The media loves contagion stories about as much as it drools over earthquakes, volcanic eruptions, tsunamis and croc and shark attacks. Are they beating it up? Time will tell. Whatever you read on social media, as of February 13, 2020, 15 Australians had been confirmed as being infected with coronavirus. Five have since recovered.

As usual, the trail of research leading into the history of quarantine stations lured me away from the point I wanted to make.

When the Northern Territory has 12 times the national average incidence of homelessness, how is it there are 875 living units sitting vacant near Darwin (for at least 18 months)?

NT Shelter estimates that 16.5% of Territorians under 16 are experiencing homelessness. The system seems unable to cope, with Shelter’s findings that 48% of people get turned away due to a ‘lack of resources’.

As Australia’s Prime Minister Scott Morrison conceded, we are no closer to Closing the Gap.
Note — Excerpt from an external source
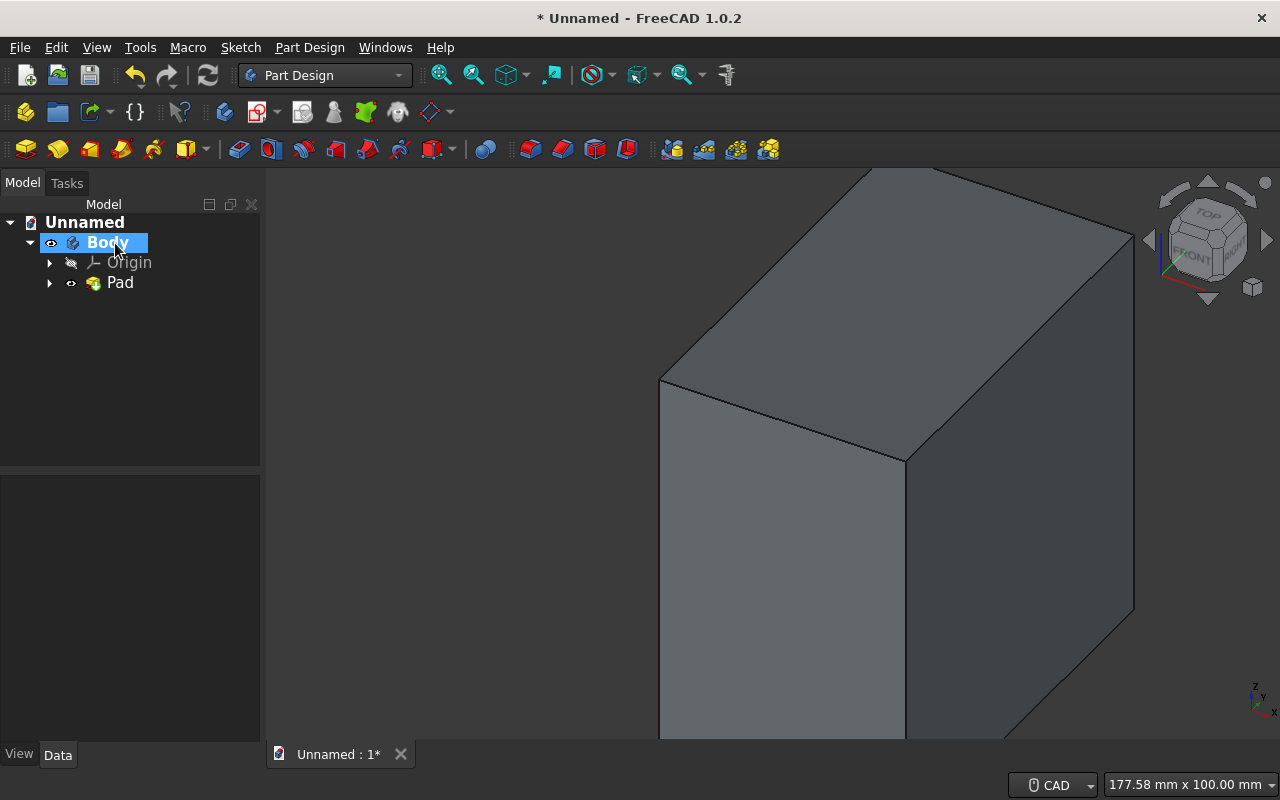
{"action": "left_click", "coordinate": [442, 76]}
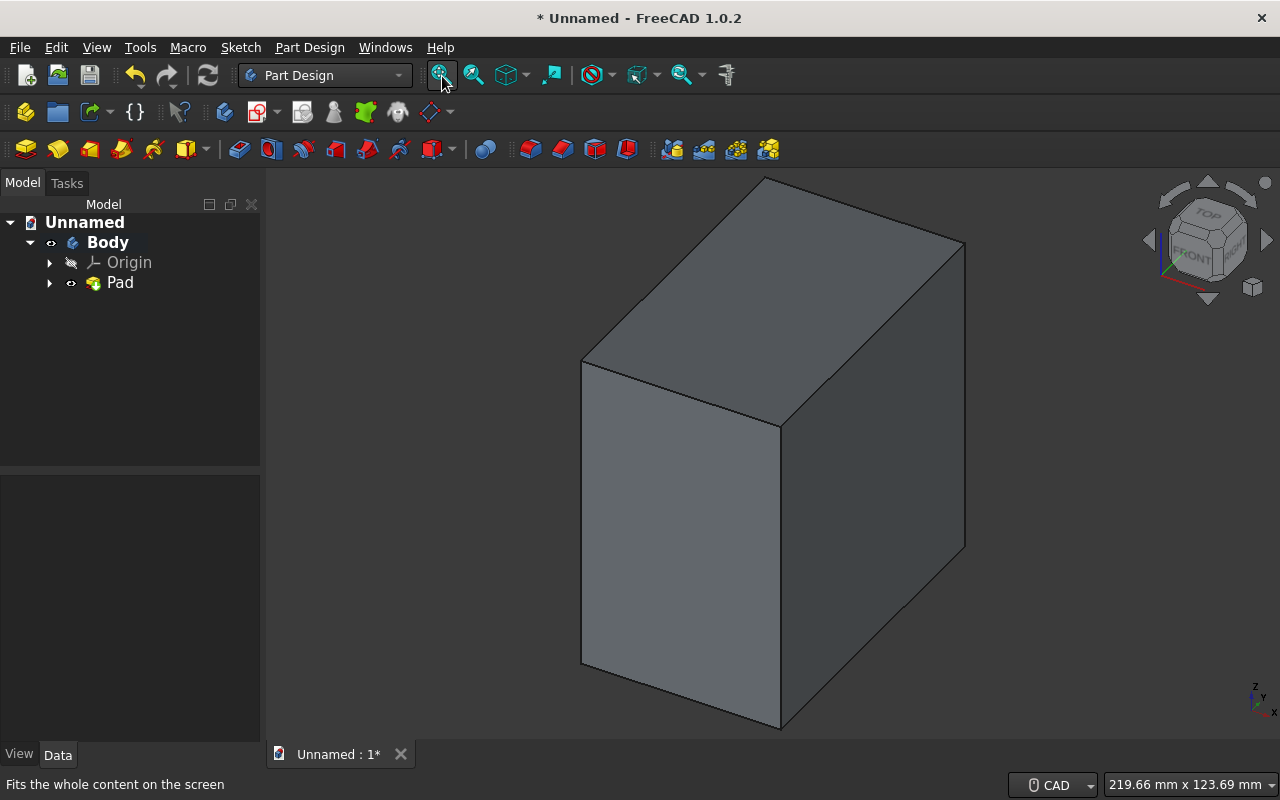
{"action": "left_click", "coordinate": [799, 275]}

The policy was announced in 2008 with noble intentions to help bridge the gap between health and welfare outcomes for indigenous compared to non-indigenous Australians. There are no simple answers to the fact that 90% of the Territory’s homeless are indigenous. As a Triple J story revealed, a survey of non-indigenous people in Darwin revealed a lot of ignorance about ‘long-grassers’ – indigenous people who sleep rough.

Larrakia Nation Aboriginal Corporation’s random survey of 300 people found the majority romanticised the notion of sleeping under the stars. Only six people identified a lack of housing, failed public policy and the impact of assimilation and integration policies as reasons for homelessness.

When the last person at Manigurr-ma is cleared to leave, it would be an interesting exercise, at the very least, to trial the centre as a homeless shelter. After all, though homelessness is not contagious, it does have far-reaching effects.